The US Air Force has kicked off the procurement for another round of wing replacements for A-10 Thunderbolt II attack aircraft, known affectionately by many as the Warthog. With new wings, the A-10s will help fill a gap left by the delayed volume delivery of F-35A fighters, which were intended to take over the A-10's close air support (CAS) role in "contested environments"—places where enemy aircraft or modern air defenses would pose a threat to supporting aircraft. For now, the A-10 is being used largely in uncontested environments, where the greatest danger pilots face is small arms fire or possibly a Stinger-like man-portable air defense system (MANPADS) missile. But the Warthog is also being deployed to Eastern Europe as part of the NATO show of strength in response to Russia.
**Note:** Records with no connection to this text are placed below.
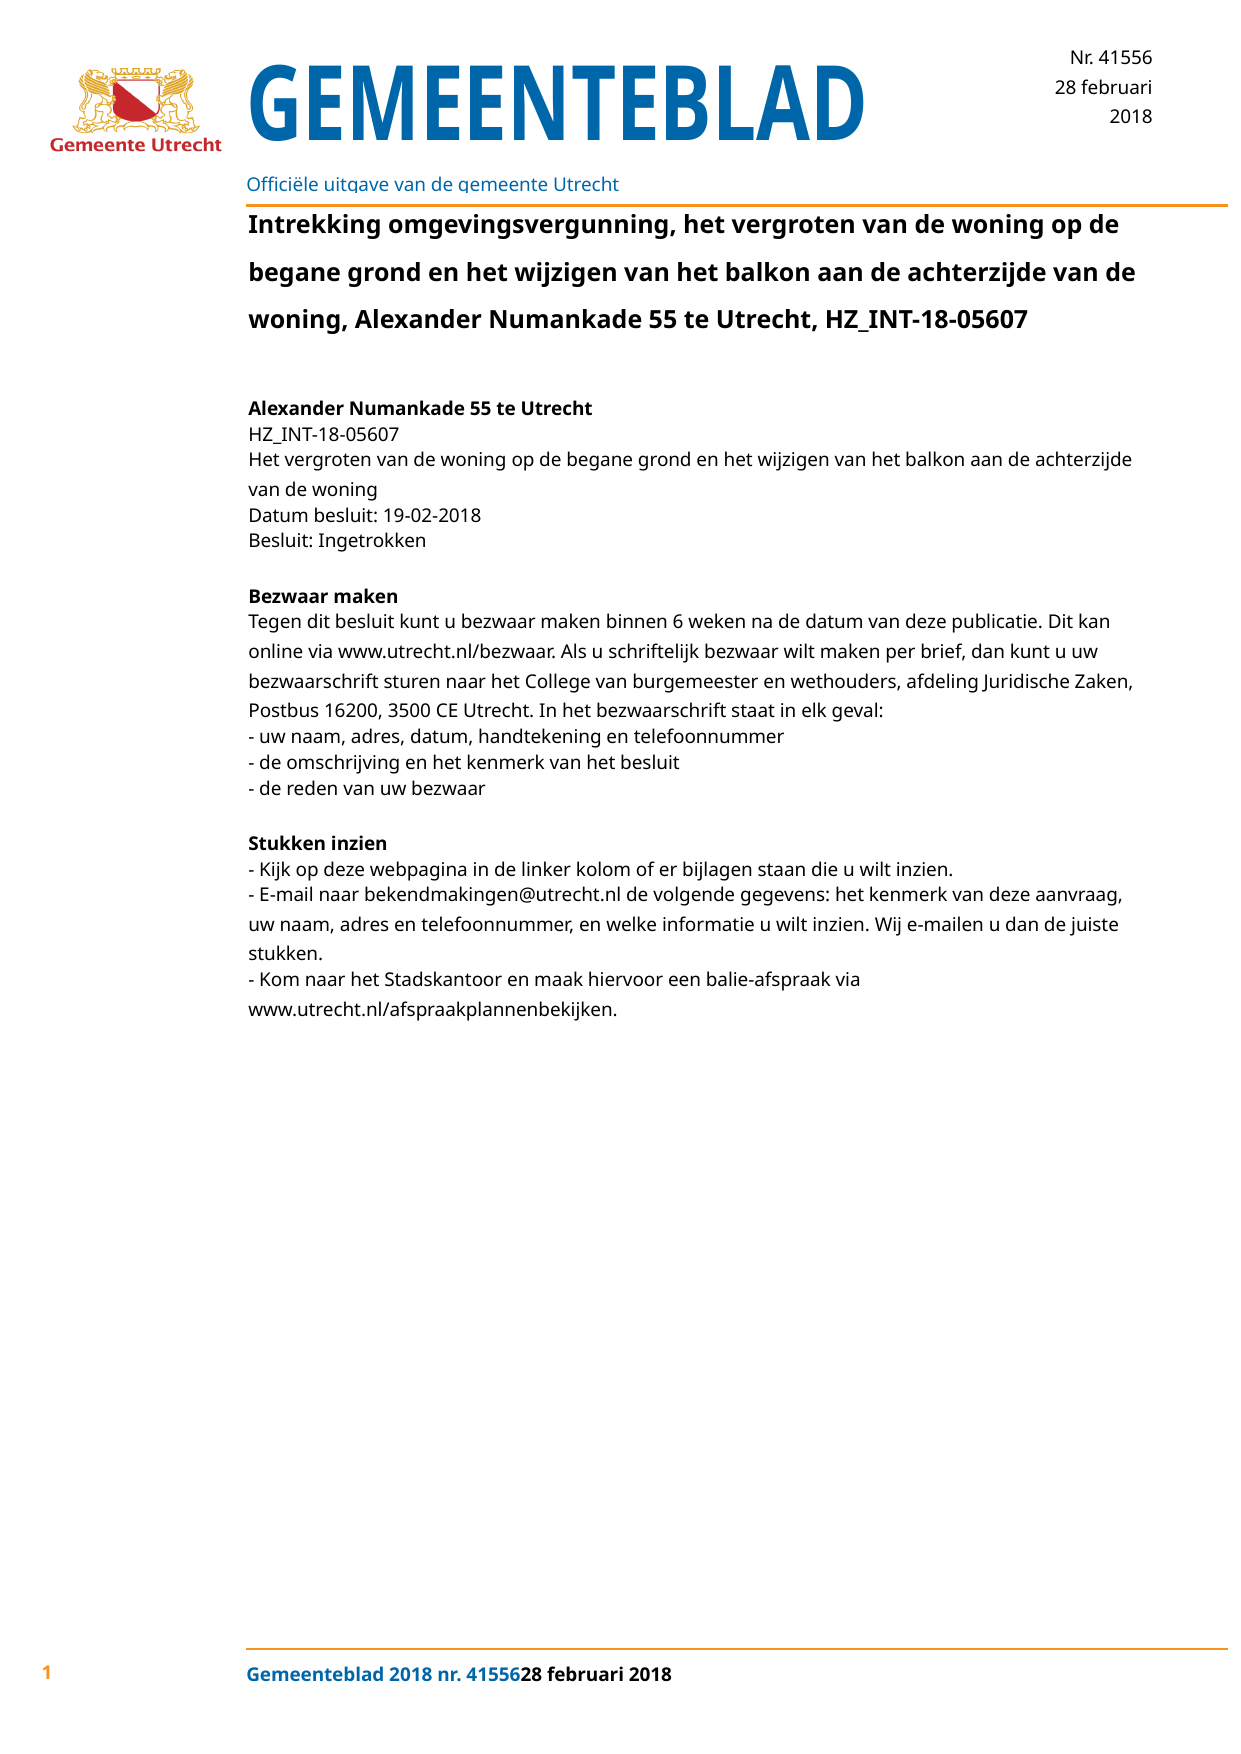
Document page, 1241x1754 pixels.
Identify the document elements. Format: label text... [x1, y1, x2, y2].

table_cell HZ_INT-18-05607 [248, 421, 1152, 447]
table_cell Datum besluit: 19-02-2018 [248, 502, 1152, 528]
table_cell Tegen dit besluit kunt u bezwaar maken binnen 6 weken na de datum van deze publicatie. Dit kan online via www.utrecht.nl/bezwaar. Als u schriftelijk bezwaar wilt maken per brief, dan kunt u uw bezwaarschrift sturen naar het College van burgemeester en wethouders, afdeling Juridische Zaken, Postbus 16200, 3500 CE Utrecht. In het bezwaarschrift staat in elk geval: [248, 609, 1152, 723]
table_cell Het vergroten van de woning op de begane grond en het wijzigen van het balkon aan de achterzijde van de woning [248, 447, 1152, 502]
table_cell Stukken inzien [248, 830, 1152, 856]
picture [41, 47, 231, 172]
table_cell - de reden van uw bezwaar [248, 775, 1152, 830]
text Intrekking omgevingsvergunning, het vergroten van de woning op de begane grond en het wijzigen van het balkon aan de achterzijde van de woning, Alexander Numankade 55 te Utrecht, HZ_INT-18-05607 [248, 207, 1152, 336]
table_cell - E-mail naar bekendmakingen@utrecht.nl de volgende gegevens: het kenmerk van deze aanvraag, uw naam, adres en telefoonnummer, en welke informatie u wilt inzien. Wij e-mailen u dan de juiste stukken. [248, 881, 1152, 966]
table_cell Besluit: Ingetrokken [248, 528, 1152, 583]
table_cell - Kijk op deze webpagina in de linker kolom of er bijlagen staan die u wilt inzien. [248, 856, 1152, 881]
table_cell - Kom naar het Stadskantoor en maak hiervoor een balie-afspraak via www.utrecht.nl/afspraakplannenbekijken. [248, 966, 1152, 1022]
table_cell - uw naam, adres, datum, handtekening en telefoonnummer [248, 723, 1152, 749]
table_cell - de omschrijving en het kenmerk van het besluit [248, 749, 1152, 775]
table_header Alexander Numankade 55 te Utrecht [248, 395, 1152, 421]
table_cell Bezwaar maken [248, 583, 1152, 609]
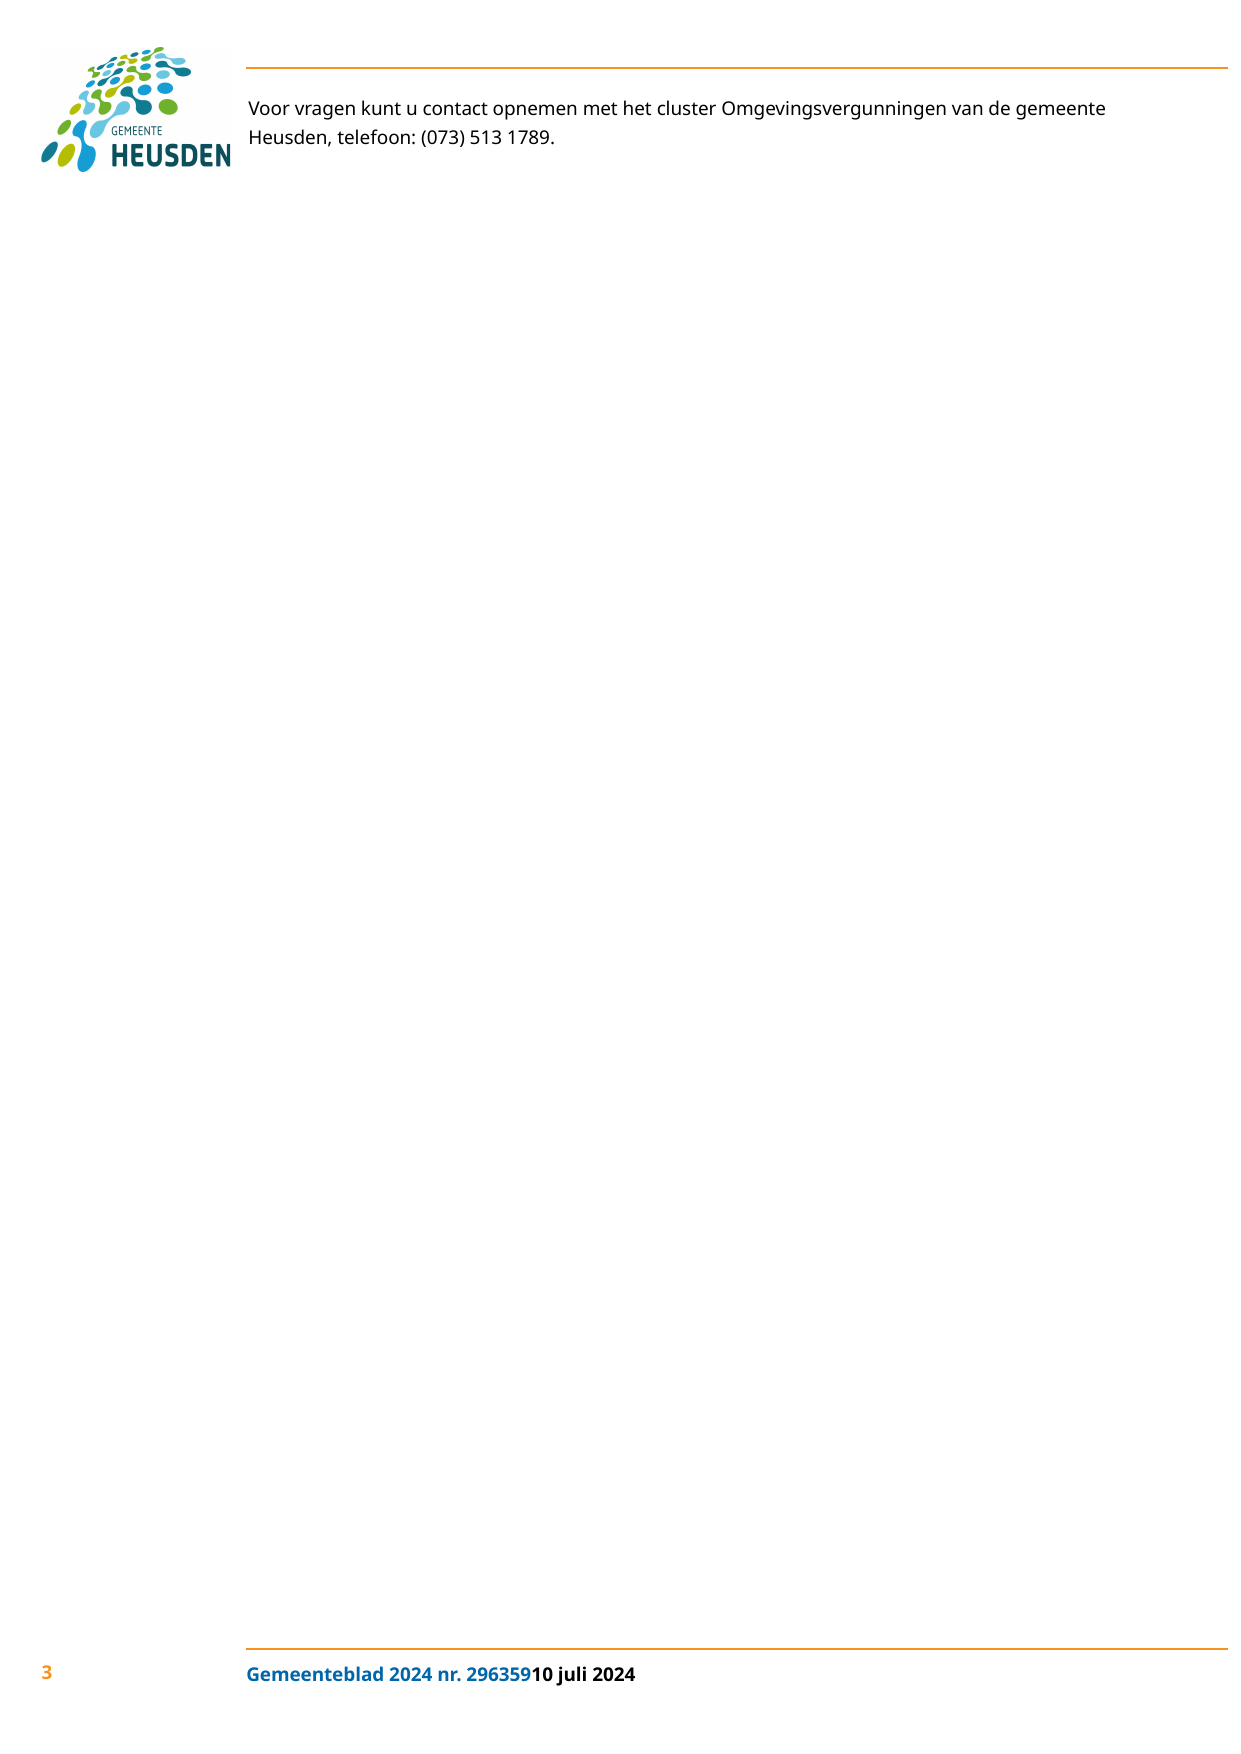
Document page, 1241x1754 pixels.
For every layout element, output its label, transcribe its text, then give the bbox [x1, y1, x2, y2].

picture [41, 47, 231, 172]
text Voor vragen kunt u contact opnemen met het cluster Omgevingsvergunningen van de gemeente Heusden, telefoon: (073) 513 1789. [248, 95, 1152, 150]
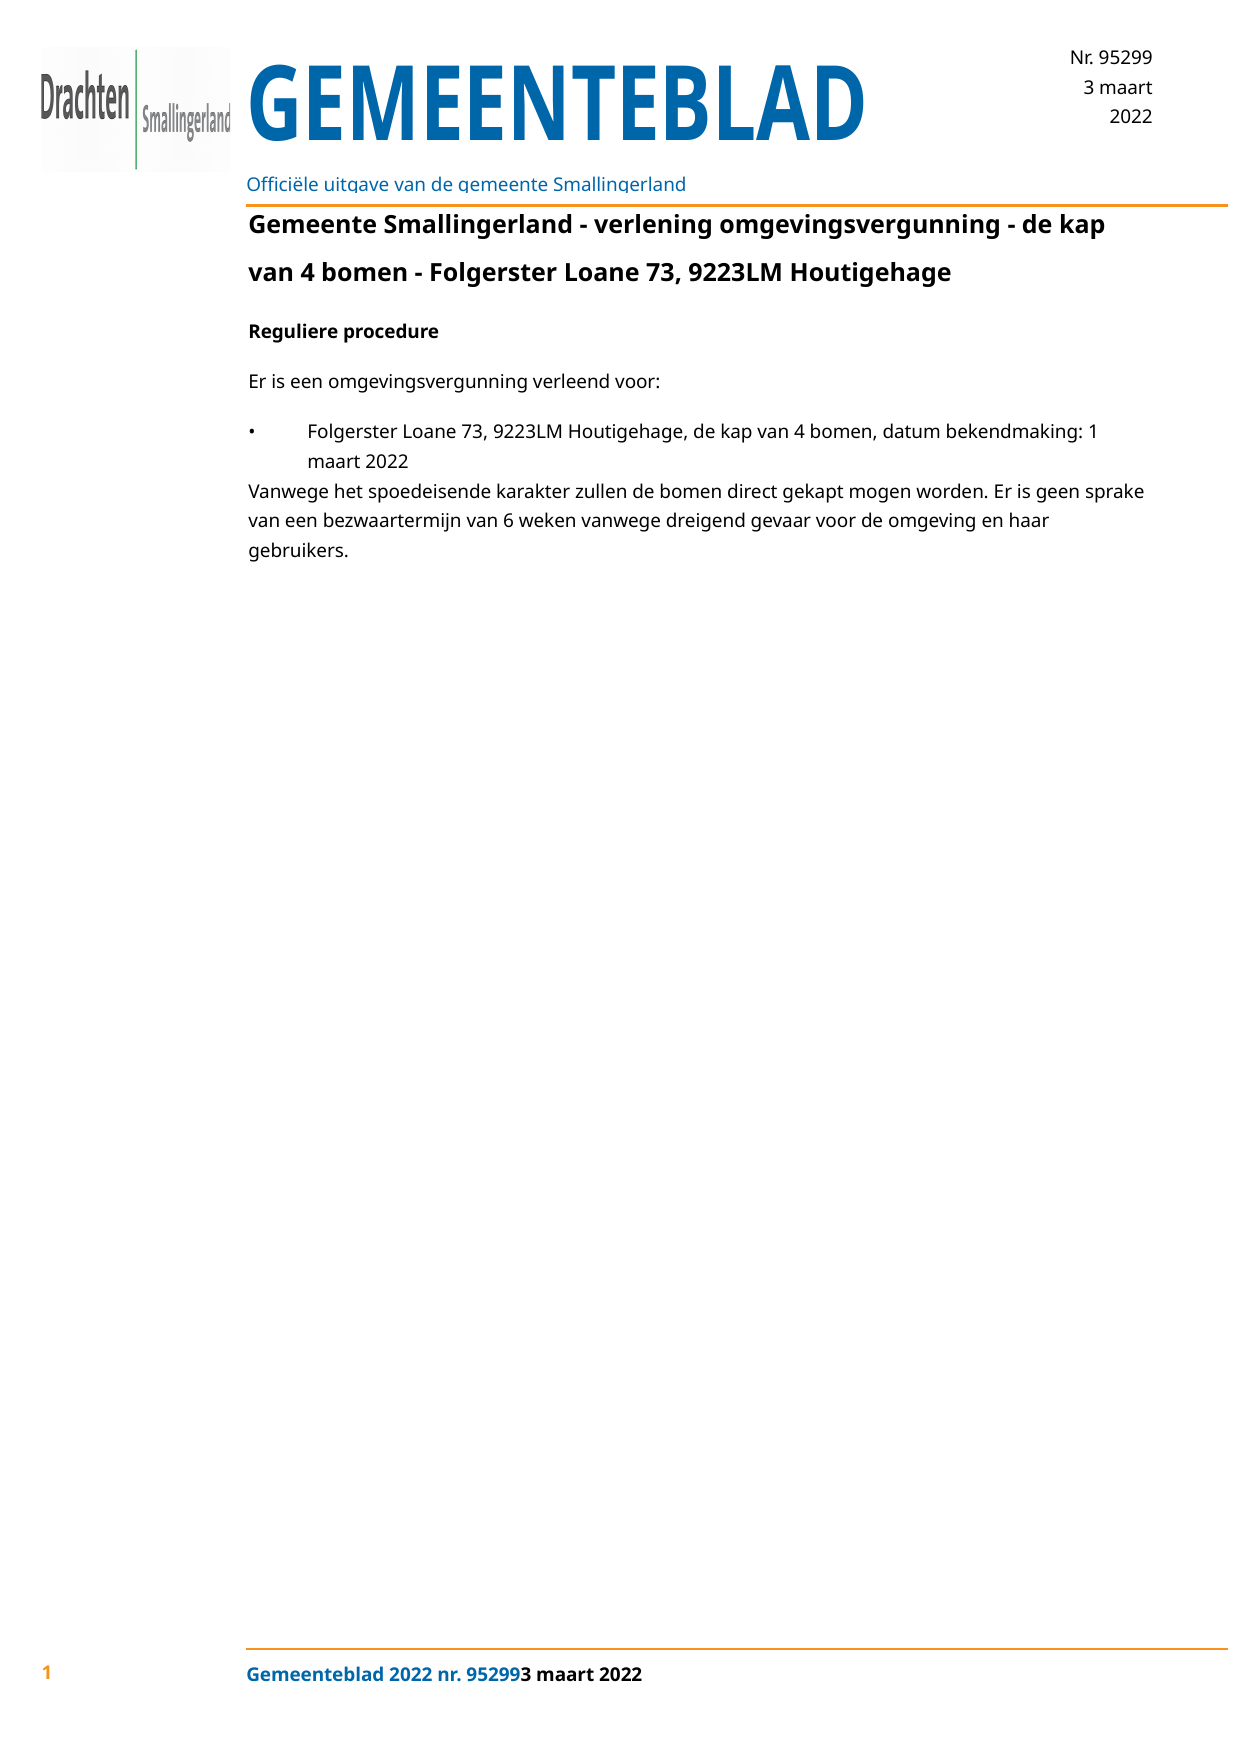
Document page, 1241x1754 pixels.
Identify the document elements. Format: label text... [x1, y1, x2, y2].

While the A-10 will keep flying through 2025 under current plans, Air Force leadership has perceived (or was perhaps convinced to see) a need for an aircraft that could take over the A-10's role in low-intensity and uncontested environments—something relatively inexpensive and easy to maintain that could be flown from relatively unimproved airfields to conduct armed reconnaissance, interdiction, and close air support missions. The replacement would also double as advanced trainer aircraft for performing weapons qualifications and keeping pilots' flight-time numbers up.

So, last year the Air Force kicked off the Light Attack Experiment (OA-X), a four-aircraft competition to determine what would best fit that bill.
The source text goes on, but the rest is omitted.